**Aim of the exercise**
Reproduce the records word for word, from the first line to the line containing "16) strainer (650,357,825,704)".

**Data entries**
◆ ◆ ◆ ◆ ◆ ◆ ◆
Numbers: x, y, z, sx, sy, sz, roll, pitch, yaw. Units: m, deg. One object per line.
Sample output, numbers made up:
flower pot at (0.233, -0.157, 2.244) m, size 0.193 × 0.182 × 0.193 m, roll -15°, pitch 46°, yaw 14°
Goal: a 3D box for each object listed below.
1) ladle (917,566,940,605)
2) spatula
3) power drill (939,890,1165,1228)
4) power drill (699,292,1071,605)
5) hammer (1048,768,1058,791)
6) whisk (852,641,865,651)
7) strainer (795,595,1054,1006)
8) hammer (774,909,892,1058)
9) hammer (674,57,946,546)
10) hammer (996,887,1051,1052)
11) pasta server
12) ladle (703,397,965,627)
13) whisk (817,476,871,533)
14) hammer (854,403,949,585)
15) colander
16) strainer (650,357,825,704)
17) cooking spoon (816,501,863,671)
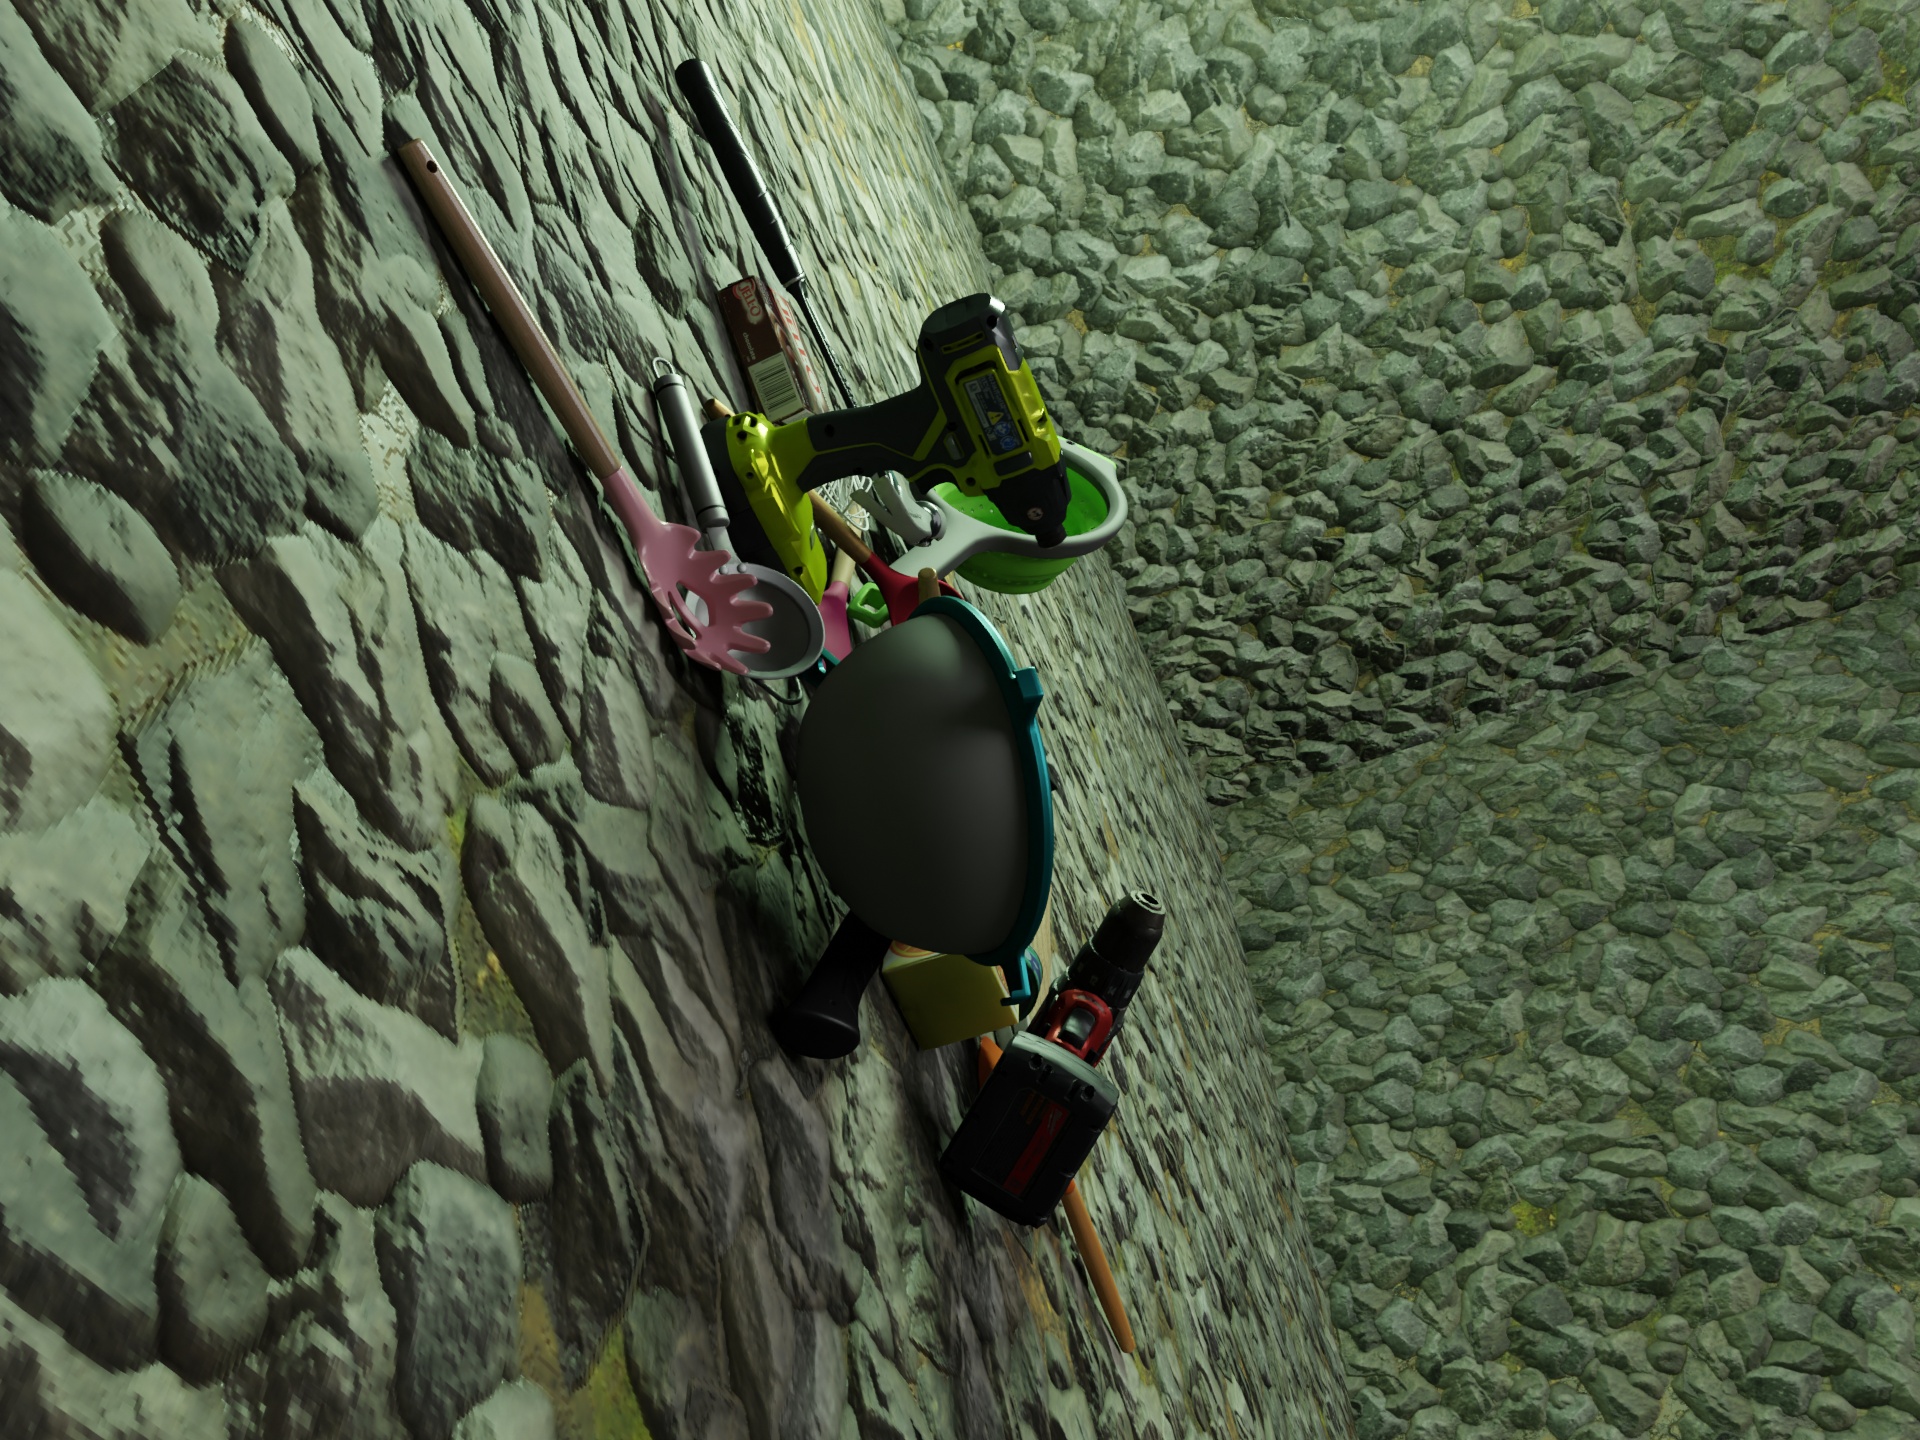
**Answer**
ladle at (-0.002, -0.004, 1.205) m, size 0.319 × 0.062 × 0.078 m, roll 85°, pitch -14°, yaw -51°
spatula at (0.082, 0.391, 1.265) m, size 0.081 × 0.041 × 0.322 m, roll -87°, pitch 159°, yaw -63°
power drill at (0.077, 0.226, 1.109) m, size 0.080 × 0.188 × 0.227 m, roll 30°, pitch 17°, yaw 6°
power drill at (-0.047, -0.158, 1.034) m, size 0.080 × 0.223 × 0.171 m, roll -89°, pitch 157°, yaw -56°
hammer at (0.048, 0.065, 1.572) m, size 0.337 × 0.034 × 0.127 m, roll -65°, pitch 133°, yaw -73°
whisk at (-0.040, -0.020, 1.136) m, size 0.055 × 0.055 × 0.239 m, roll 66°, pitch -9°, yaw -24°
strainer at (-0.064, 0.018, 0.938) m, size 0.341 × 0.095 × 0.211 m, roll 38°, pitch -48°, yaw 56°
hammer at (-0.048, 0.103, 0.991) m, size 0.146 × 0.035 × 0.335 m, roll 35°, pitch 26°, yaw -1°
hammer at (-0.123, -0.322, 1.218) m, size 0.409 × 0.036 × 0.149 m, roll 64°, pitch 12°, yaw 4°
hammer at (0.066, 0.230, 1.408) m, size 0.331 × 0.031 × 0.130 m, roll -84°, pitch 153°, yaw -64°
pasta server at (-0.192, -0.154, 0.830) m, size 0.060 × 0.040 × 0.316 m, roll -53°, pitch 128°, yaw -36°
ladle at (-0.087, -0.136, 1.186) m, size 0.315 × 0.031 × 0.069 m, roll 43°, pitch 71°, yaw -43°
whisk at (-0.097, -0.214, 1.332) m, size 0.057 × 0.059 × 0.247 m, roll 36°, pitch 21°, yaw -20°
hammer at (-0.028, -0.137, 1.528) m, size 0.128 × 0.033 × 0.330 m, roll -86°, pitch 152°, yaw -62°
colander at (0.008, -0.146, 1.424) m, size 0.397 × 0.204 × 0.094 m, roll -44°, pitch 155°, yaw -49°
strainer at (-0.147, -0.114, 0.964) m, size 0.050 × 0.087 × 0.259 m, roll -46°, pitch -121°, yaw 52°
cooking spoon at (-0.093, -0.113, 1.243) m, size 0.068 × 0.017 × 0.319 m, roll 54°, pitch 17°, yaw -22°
◆ ◆ ◆ ◆ ◆ ◆ ◆
**Result for this task**
Numbers: x, y, z, sx, sy, sz, roll, pitch, yaw. Units: m, deg. One object per line.
Sample output, numbers made up:
flower pot at (0.233, -0.157, 2.244) m, size 0.193 × 0.182 × 0.193 m, roll -15°, pitch 46°, yaw 14°
Goal: a 3D box for each object listed below.
1) ladle (917,566,940,605)
2) spatula
3) power drill (939,890,1165,1228)
4) power drill (699,292,1071,605)
5) hammer (1048,768,1058,791)
6) whisk (852,641,865,651)
7) strainer (795,595,1054,1006)
8) hammer (774,909,892,1058)
9) hammer (674,57,946,546)
10) hammer (996,887,1051,1052)
11) pasta server
12) ladle (703,397,965,627)
13) whisk (817,476,871,533)
14) hammer (854,403,949,585)
15) colander
16) strainer (650,357,825,704)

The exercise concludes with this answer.